Under Claims-Made Policy, Claim is “First Brought” Insured Where Receives Demand Letter

The California Court of Appeal has held that, under a claims-made policy, a claim is “first brought” at the place the insured receives a third party’s demand letter. (National Cas. Co. v. Sovereign Gen. Ins. Svcs. (2006) 40 Cal.Rptr.3d 591)

Facts

National Casualty Company (National) issued a liability policy to Sovereign General Insurance Services, Inc. (Sovereign), a surplus lines broker.  The policy provided coverage for wrongful acts committed anywhere in the world provided that the claim was first brought in the United States, and so long as the claim was first made during the policy period. The policy defined a “claim” as a demand or assertion of a legal right seeking damages, and included any arbitration proceeding to which any insured was required to submit.

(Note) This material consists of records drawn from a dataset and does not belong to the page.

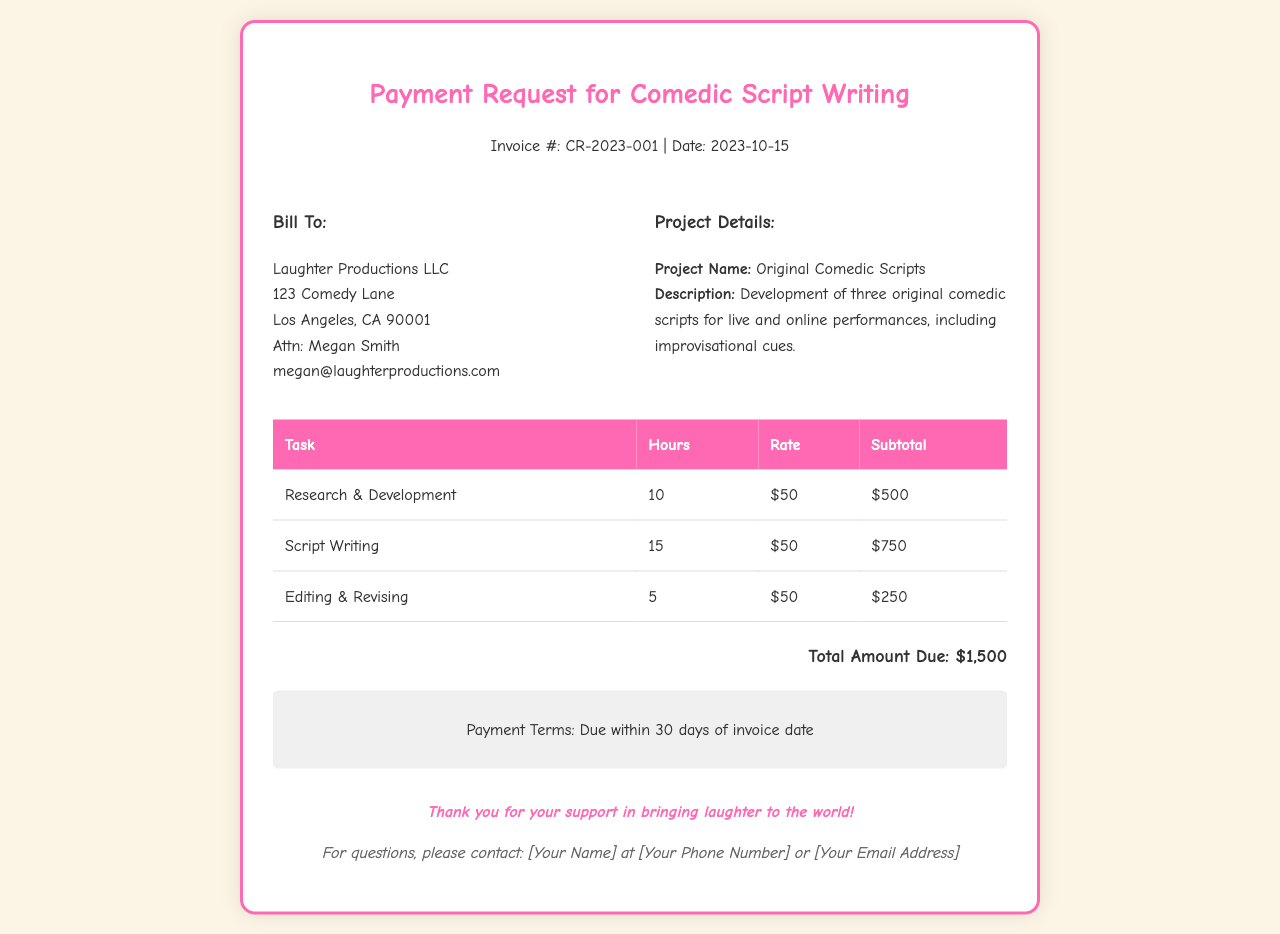What is the invoice number? The invoice number is specified in the header section of the document, which states "Invoice #: CR-2023-001".
Answer: CR-2023-001 What is the date of the invoice? The date is also found in the header section, right next to the invoice number, which indicates "Date: 2023-10-15".
Answer: 2023-10-15 Who is the billing company? The billing company name is found in the "Bill To" section, which lists "Laughter Productions LLC".
Answer: Laughter Productions LLC How many hours were spent on Script Writing? The hours for Script Writing are detailed in the task table, indicating "15" hours worked.
Answer: 15 What is the hourly rate for the services provided? The hourly rate is mentioned in every task row, showing that it is "$50".
Answer: $50 What is the total amount due? The total amount is clearly mentioned towards the end of the invoice, stating "Total Amount Due: $1,500".
Answer: $1,500 What task required the least amount of hours? By reviewing the tasks in the table, "Editing & Revising" is the task with the least hours, which is "5".
Answer: 5 What is the payment term? The payment terms are outlined in a specific section stating "Payment Terms: Due within 30 days of invoice date".
Answer: 30 days What project name is mentioned in the invoice? The project name is listed in the "Project Details" section as "Original Comedic Scripts".
Answer: Original Comedic Scripts 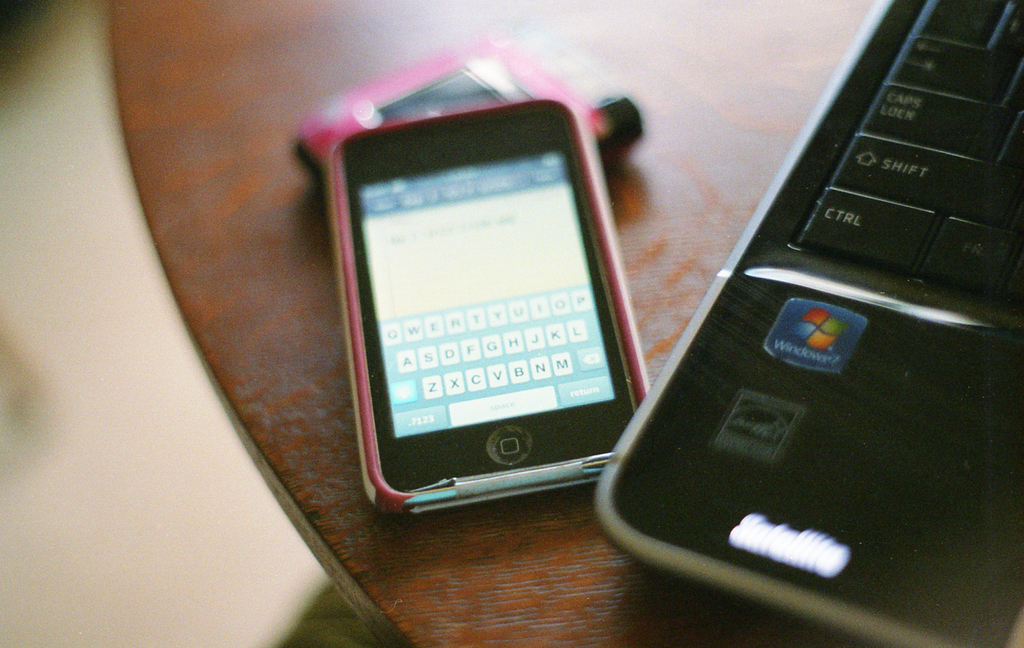What does the presence of the Windows logo on this laptop suggest about its age? The Windows logo displayed on the laptop is an older version, suggesting that this laptop could be from the early to mid-2000s. This style of logo was commonly used during that era, indicating the laptop's probable age and period of use.

Under agreements with Certain Underwriters at Lloyd’s, London (Lloyd’s), Sovereign issued certificates of insurance and processed claims.  Sovereign’s agreements with Lloyd’s required that all matters “arising under, out of or in connection with” the agreements had to be arbitrated in London in accordance with the laws of England.

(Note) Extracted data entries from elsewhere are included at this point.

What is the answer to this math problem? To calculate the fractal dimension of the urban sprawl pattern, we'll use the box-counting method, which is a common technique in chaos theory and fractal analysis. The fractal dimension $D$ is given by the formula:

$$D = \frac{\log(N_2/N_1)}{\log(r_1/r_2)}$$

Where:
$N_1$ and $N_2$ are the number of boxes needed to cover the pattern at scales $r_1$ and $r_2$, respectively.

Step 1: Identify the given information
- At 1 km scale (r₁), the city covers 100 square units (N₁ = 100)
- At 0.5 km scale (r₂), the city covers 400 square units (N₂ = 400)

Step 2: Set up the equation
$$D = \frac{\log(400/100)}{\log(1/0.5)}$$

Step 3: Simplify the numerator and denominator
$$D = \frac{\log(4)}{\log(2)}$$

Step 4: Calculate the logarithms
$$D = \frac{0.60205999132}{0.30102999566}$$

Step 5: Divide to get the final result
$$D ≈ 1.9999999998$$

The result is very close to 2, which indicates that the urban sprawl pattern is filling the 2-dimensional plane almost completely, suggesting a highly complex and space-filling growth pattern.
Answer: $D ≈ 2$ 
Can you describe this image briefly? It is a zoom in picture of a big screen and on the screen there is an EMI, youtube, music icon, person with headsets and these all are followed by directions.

In a letter addressed to Sovereign’s offices in California, Lloyd’s asserted that it had suffered losses as a result of Sovereign’s breach of the agreements and that Lloyd’s intended to recover all losses arising out of Sovereign’s actions. Lloyd’s then demanded $5 million to settle its claims, and also demanded arbitration.  Sovereign tendered the claims to National.

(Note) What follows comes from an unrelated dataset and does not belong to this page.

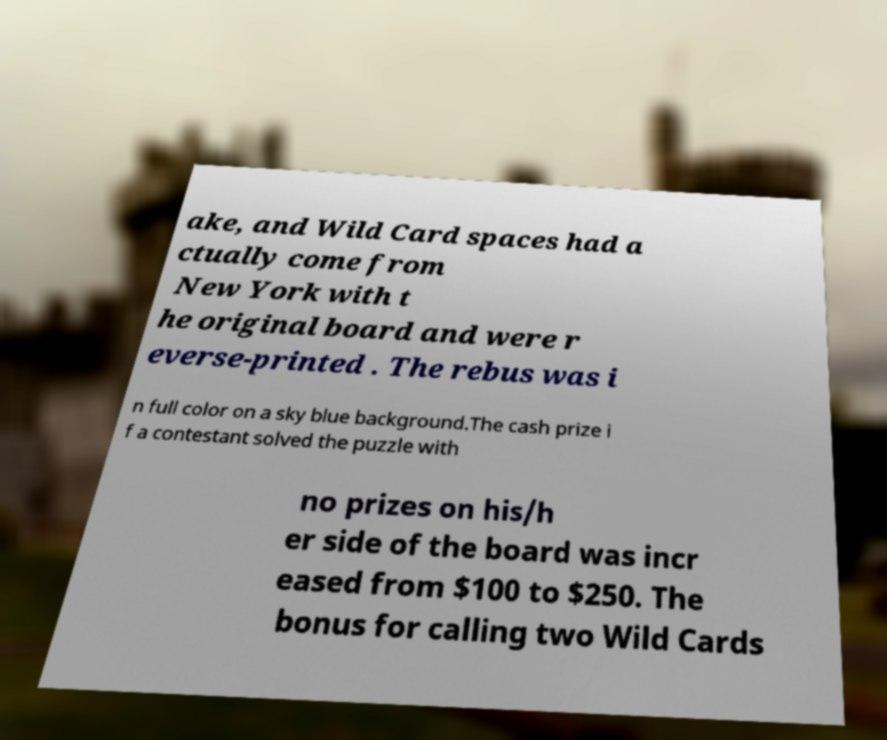Can you read and provide the text displayed in the image?This photo seems to have some interesting text. Can you extract and type it out for me? ake, and Wild Card spaces had a ctually come from New York with t he original board and were r everse-printed . The rebus was i n full color on a sky blue background.The cash prize i f a contestant solved the puzzle with no prizes on his/h er side of the board was incr eased from $100 to $250. The bonus for calling two Wild Cards

National agreed to defend Sovereign, but reserved its rights to assert that Lloyd’s claims were brought outside the territorial limits of National’s policy.   National then brought a declaratory relief action, contending that the coverage for a “claim … first brought in the United States” meant that a claimant had to initiate a legal proceeding in the United States.  Essentially, National asserted that Lloyd’s claim was “brought” when Lloyd’s initiated an arbitration proceeding in London and that, therefore, the claim fell outside the territorial limit of National’s policy.

Holding

The Court of Appeal rejected National’s interpretation of the policy, finding it was not reasonable to interpret the phrase “claim first brought” as a limitation to a particular territory given the fact that the policy purported to cover wrongful acts committed anywhere in the world.  The Court also found the phrase “claim first brought” to be ambiguous because the policy defined a “claim” to include not only a lawsuit, but also a mere demand for damages.  Therefore, the Court concluded, Lloyd’s “brought” the claim when Lloyd’s mailed the demand letter to Sovereign’s offices in California.

Comment

This case illustrates that, once a California appellate court determines that a policy term is ambiguous, the court will use the parties’ “objective reasonable expectations” to resolve the ambiguity (usually in favor of the insured).